More than three decades ago, the film "2001: A Space Odyssey" introduced audiences to a chillingly malevolent supercomputer named HAL. In what was then the far-off future, the film imagined machines that could speak and understand human speech (and even read lips!). HAL became an instant symbol for the dangers of runaway technology.

While artificial intelligence researchers have managed thus far to avoid creating monsters like HAL, the idea of humans and computers speaking to each other is no longer the stuff of science fiction. It is instead the driving force behind the growing discipline of computational linguistics, which studies the computational aspects of human language.

"Basic speech recognition systems have now become commonplace," says Julia Hirschberg, who joined the Department of Computer Science in Fall 2002. "Researchers today are moving into some very interesting and complex areas. We're looking at how to enable computers to recognize speech errors, perform audio browsing and retrieval of email, and recognize and produce emotional speech."   

Hirschberg received a Ph.D. in computer science from the University of Pennsylvania in 1985. That same year, she began working in the linguistics research department at AT&T Bell Laboratories.

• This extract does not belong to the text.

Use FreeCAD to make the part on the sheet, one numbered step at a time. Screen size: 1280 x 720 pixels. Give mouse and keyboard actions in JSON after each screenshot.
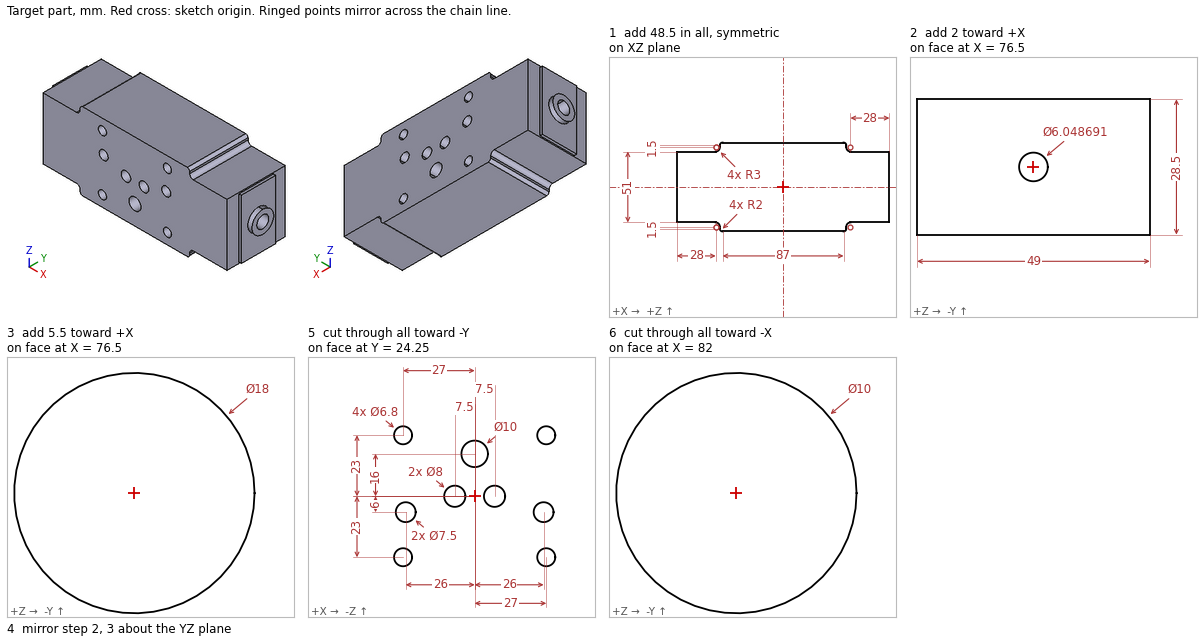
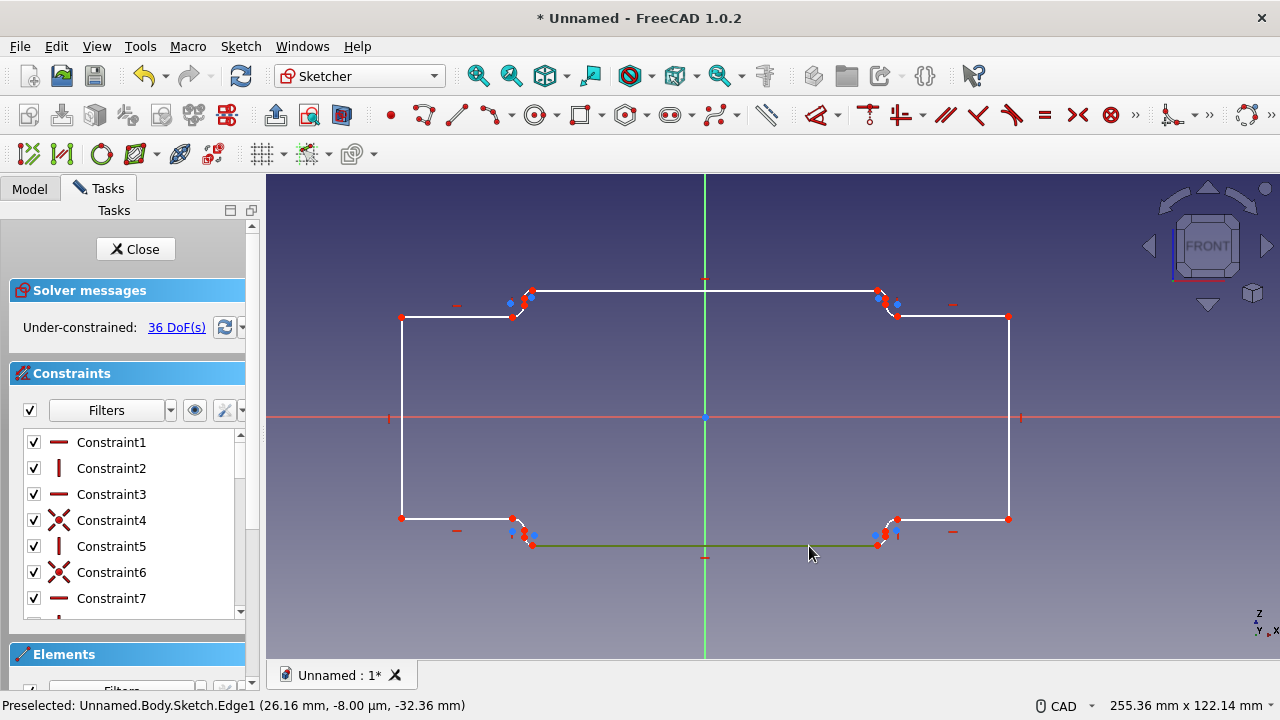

In 1996 she moved to AT&T Labs - Research, specializing in human-computer interface research.

Hirschberg is part of a Columbia team researching speech summarization, an area of natural language processing which enables systems to summarize spoken words. The Columbia Natural Language Processing Group, headed by Kathy McKeown, obtained an NSF and a DARPA grant for research in this area.

"We want to learn what speech cues will lead a system to understand what is important to summarize," Hirschberg says. "Although a lot of research has been done on text summarization, not too many people are trying to produce spoken summaries. It could lead to applications that summarize things like news broadcasts or voice mail messages in spoken form."

Another focus of Hirschberg's research at Columbia is emotional speech. Computer scientists are studying this process from the perspectives of speech recognition as well as speech generation.

"There is an effort underway to enable computers to recognize emotions in human speech," she said. "Work is also being done to help computers generate emotional speech. Both of these would have enormous potential for commercial applications."

Applications might include a tutorial system that could recognize confidence, or the lack thereof, in a student, and customize its lessons accordingly. On the generation side, text-to-speech systems that speak emotionally could have a number of consumer uses, from books for the blind to computer games.